JuliaNLSolvers / Optim.jl

Optimization functions for Julia
Other
1.12k stars 217 forks source link

Checkpointing in Optim #884

Open umbriquse opened 3 years ago

umbriquse commented 3 years ago

I've come across the scenario of using an optimization algorithm, but did not have the time in the rest of the day to let the optimizer complete and find a solution. I was curious if you thought about putting a checkpointing system in Optim to allow users to stop their algorithms at an arbitrary point and continue off at that point at another time (i.e. Save the progress that the optimizer has already made)

pkofod commented 3 years ago

How would you stop it? With SIGINT ?

umbriquse commented 3 years ago

Yes, but also in the situation of either power failure, an error occurring in the user code after some iterations, or some segfault/ bug in julia that hasn't been corrected. Mostly with SIGINT though.

umbriquse commented 3 years ago

This idea comes from another package that I am using called DFTK. They rely on using JLD2, and save a snapshot of the current state so that the progress made isn't lost and can be continued at another time. If you're curious it's in the jld2io.jl folder.

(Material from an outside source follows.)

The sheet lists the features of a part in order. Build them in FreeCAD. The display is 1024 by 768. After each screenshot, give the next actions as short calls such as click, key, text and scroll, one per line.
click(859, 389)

pkofod commented 3 years ago

Okay okay, I think I may understand. If you're that worried about sudden problems I would suggest you use a callback to save the current state. Does that make sense?

umbriquse commented 3 years ago

Yes, I thought it wasn't possible to save the progress of the state and then start an optimizer in at that saved state when using any callback function. Thank you, I'll do that.

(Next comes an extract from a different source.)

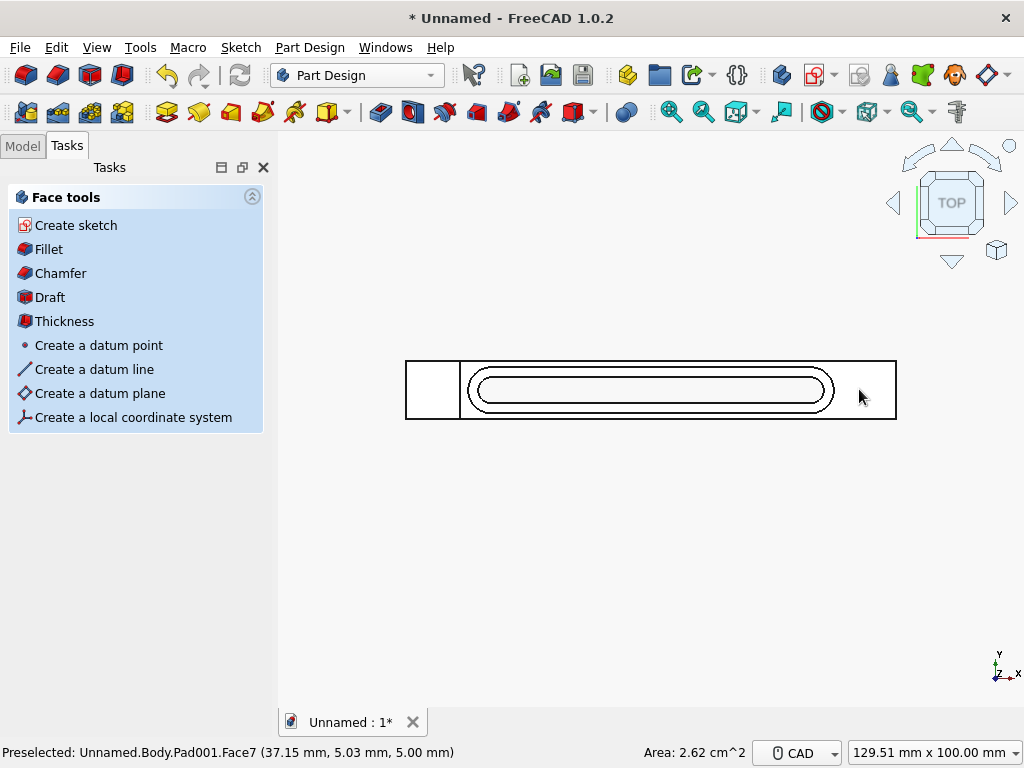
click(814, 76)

pkofod commented 3 years ago

It's not super easy to start it again, but I can help you set it up if you need something like this.

umbriquse commented 3 years ago

Thank you for offering, but I think I can work it out. I am curious if you would like the function that I would make though? So others could add that function into the callback and save the state of their optimizers.

pkofod commented 3 years ago

Yeah, please show it. If nothing else we can put it in the docs :)